For his part, Obama has called for a “Clean Technologies Deployment Venture Capital Fund,” to help speed the production of chocolate-bar technologies. McCain, to judge by his Weirdly Germanic Initial Caps Policy as Stated on his Web Site, would rely on various sub-markets of the carbon market created by cap and trade to fund such research:

Emissions Permits Will Eventually Be Auctioned To Support The Development Of Advanced Technologies. A portion of the process of these auctions will be used to support a diversified portfolio of research and commercialization challenges, ranging from carbon capture and sequestration, to nuclear power, to battery development. Funds will also be used to provide financial backing for a Green Innovation Financing and Transfer (GIFT) to facilitate commercialization.

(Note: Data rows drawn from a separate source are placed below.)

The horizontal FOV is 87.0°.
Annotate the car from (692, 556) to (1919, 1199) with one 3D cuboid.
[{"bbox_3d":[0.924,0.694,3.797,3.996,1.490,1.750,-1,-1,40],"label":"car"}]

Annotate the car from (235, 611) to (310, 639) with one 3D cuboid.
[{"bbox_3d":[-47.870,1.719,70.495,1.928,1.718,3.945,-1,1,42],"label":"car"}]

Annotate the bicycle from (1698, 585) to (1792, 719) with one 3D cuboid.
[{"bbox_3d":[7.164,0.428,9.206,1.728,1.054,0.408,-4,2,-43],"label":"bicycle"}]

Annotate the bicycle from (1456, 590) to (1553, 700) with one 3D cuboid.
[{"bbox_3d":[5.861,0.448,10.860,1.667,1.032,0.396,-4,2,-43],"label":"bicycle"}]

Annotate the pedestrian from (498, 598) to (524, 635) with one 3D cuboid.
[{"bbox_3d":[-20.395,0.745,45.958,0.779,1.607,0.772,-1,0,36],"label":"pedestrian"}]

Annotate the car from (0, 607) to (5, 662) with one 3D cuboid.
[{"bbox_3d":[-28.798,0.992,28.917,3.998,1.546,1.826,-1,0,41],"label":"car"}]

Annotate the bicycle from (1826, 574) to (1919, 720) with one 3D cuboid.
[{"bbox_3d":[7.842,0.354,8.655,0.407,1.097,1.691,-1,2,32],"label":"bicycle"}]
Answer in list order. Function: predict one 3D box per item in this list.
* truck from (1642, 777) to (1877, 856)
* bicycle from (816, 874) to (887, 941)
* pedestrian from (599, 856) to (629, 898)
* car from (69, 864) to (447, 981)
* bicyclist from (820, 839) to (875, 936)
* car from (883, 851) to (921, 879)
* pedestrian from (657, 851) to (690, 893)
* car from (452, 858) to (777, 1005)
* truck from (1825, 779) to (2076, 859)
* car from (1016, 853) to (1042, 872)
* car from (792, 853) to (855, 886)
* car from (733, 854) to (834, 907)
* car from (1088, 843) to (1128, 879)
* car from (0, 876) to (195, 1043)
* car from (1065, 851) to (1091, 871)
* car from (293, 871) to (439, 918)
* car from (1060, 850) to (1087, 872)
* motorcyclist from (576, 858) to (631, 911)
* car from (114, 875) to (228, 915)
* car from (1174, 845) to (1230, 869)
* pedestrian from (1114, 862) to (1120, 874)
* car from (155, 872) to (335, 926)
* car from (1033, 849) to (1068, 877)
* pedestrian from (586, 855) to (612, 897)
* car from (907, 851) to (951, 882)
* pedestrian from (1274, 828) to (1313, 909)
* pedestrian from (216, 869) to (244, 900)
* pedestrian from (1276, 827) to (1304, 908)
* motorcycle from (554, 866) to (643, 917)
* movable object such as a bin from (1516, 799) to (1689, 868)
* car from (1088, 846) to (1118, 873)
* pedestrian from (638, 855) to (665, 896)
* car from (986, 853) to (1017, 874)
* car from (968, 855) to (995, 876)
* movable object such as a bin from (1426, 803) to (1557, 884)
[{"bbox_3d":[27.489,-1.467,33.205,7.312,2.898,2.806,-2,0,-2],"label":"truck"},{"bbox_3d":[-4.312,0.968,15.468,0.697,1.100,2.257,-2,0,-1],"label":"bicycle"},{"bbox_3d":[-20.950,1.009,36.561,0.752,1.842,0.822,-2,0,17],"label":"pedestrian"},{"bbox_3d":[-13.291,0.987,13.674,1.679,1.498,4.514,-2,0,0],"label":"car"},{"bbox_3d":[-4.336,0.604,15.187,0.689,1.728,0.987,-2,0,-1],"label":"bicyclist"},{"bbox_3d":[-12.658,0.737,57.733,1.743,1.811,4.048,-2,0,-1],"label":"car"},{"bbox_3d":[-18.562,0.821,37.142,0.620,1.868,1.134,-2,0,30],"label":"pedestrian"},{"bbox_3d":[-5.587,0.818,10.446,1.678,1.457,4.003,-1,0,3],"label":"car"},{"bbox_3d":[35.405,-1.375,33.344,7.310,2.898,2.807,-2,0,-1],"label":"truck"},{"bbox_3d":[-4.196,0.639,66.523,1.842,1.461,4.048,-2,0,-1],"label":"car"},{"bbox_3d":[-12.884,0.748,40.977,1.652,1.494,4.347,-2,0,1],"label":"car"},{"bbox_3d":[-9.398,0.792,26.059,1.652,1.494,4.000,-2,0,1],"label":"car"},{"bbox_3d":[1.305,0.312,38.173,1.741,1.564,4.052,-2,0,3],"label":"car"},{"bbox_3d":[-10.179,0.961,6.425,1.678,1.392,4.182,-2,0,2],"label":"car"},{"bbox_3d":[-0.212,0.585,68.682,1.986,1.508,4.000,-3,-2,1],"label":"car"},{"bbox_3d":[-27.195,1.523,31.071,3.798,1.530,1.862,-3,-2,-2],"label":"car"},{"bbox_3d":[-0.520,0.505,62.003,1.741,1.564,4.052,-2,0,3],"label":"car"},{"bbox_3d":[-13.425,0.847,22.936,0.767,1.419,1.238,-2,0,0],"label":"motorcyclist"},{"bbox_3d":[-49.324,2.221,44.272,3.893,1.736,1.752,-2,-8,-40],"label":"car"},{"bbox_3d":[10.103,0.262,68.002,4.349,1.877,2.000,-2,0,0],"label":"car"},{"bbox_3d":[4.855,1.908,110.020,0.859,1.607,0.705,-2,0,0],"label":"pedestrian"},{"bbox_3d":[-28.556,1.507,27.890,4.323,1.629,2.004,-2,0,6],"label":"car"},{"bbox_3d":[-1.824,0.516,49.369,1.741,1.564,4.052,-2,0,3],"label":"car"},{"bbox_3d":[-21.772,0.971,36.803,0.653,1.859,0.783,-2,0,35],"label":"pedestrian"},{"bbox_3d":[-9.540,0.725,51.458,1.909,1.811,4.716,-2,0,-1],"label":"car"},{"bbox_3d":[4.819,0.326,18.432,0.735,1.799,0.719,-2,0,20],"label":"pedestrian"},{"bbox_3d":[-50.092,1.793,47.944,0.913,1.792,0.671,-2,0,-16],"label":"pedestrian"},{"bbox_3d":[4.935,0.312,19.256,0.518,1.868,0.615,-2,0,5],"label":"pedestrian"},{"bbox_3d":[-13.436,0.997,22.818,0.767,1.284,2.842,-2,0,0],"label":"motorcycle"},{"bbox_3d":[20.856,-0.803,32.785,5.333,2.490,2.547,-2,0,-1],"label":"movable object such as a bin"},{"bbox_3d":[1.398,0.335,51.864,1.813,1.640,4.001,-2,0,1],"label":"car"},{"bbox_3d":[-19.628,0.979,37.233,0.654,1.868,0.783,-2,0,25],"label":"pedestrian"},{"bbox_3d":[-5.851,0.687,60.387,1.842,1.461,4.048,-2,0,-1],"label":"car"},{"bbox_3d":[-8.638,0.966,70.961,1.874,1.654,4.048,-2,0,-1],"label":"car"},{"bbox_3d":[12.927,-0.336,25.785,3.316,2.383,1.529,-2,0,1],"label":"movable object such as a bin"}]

John McCain Will Streamline The Process For Deploying New Technologies And Requiring More Accountability From Government Programs To Meet Commercialization Goals And Deadlines.

John McCain Will Ensure Rapid Technology Introduction, Quickly Shifting Research From The Laboratory To The Marketplace.

John McCain Will Employ The Inherent Incentives Provided By A Cap-And-Trade System Along With Government-Led Competitions As Incentives For New Technology Deployment.

I am, obviously, simplifying things. And I do agree with Joe that McCain’s policies are requiring him to do some ideological backbends — he knows, I think, that carbon reduction will cost something, to someone, but he has to make that seem as much like a function of markets as possible.